E-Commerce Adoption in Developing Countries
Several studies of e-commerce adoption in developing countries have emphasized the effect of contextual factors such as technological, economical, legal and financial infrastructures (Travica et al., 2002; Jennex et al., 2002) while others have looked at managerial and organizational factors affecting the adoption decision (Daniel et al., 2002). Molla and Licker (2005a, 2005b) developed the Perceived E-Readiness Model (PERM) for e-commerce in developing countries, integrating contextual and organizational factors. That model considers a number of internal organizational factors (e.g. organization’s perception of e-commerce and its potential benefits and risks, managers’ commitment, resources), as well as contextual factors (e.g. government support, market forces, support industries’ e-readiness) as important elements in e-commerce adoption. PERM has been validated as an effective e-commerce adoption model in a number of countries, including China (Tan et al., 2007), Bahrain (Ali et al., 2014) and Iran (Fathian et al., 2008). These studies highlighted critical issues for e-commerce e-readiness, including organizational features, technology infrastructures, IT availability and security environment.
However, all of the above studies are limited by their failure to address important organizational factors, such as Internet-based technology innovations currently adopted in these countries that can significantly impact e-commerce. In Egypt, e-commerce remains underdeveloped; according to the Egypt Business Directory (El-Behary, 2015), despite a 400% increase in Internet penetration between 2004 and 2015 to 31 million Internet users, only 2% of those users shopped online in 2015, and 80% paid on delivery. One key challenge for e-commerce in Egypt is low credit card penetration. In 2015, only 7% of Egyptians had a bank account, and only 7.6 million had a credit or debit card (El-Behary, 2015). This is expected to change during the next decade, with a massive increase in pre-paid and credit card penetration accompanying an e-commerce boom (El-Behary, 2015). The Internet contribution to GDP is projected to rise significantly to 1.6% of GDP in 2017 (Boston Consulting Group, 2012).

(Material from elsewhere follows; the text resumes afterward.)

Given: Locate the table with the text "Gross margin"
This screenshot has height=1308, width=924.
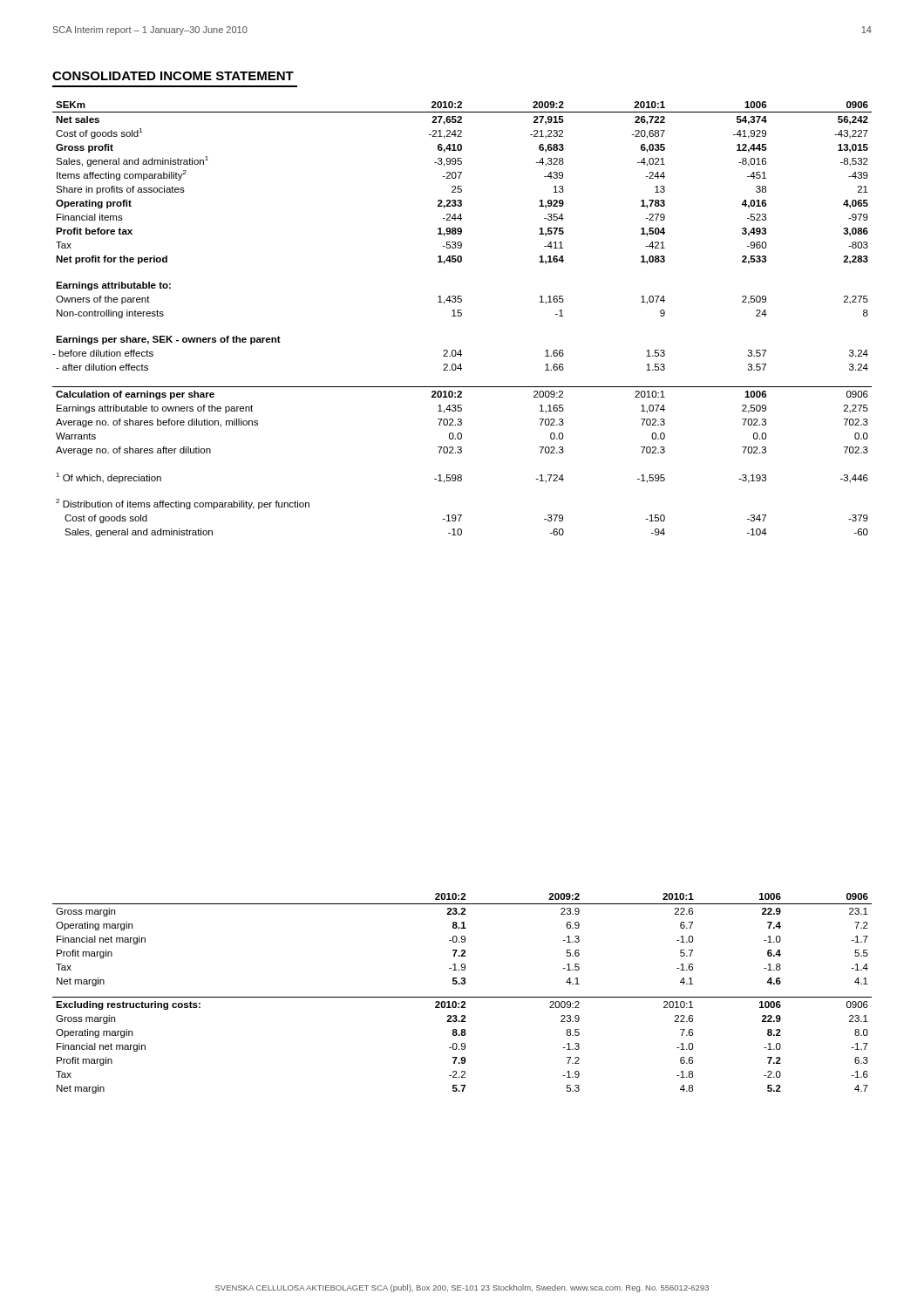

Other challenges obstructing e-commerce development in Egypt include a lack of technological infrastructure and the weak readiness of support industries like banking and tax and customs administrations (El-Behary, 2015). In similar countries, such as the Kingdom of Saudi Arabia, the lack of clear regulations and government support are thought to be key influences on e-commerce adoption (Al-Ghamdi et al., 2011). However, explanations of low e-commerce penetration within this fast-growing Internet population have not been empirically tested, and nothing is known about organizational, individual, contextual and technological factors affecting e-commerce adoption in Egypt.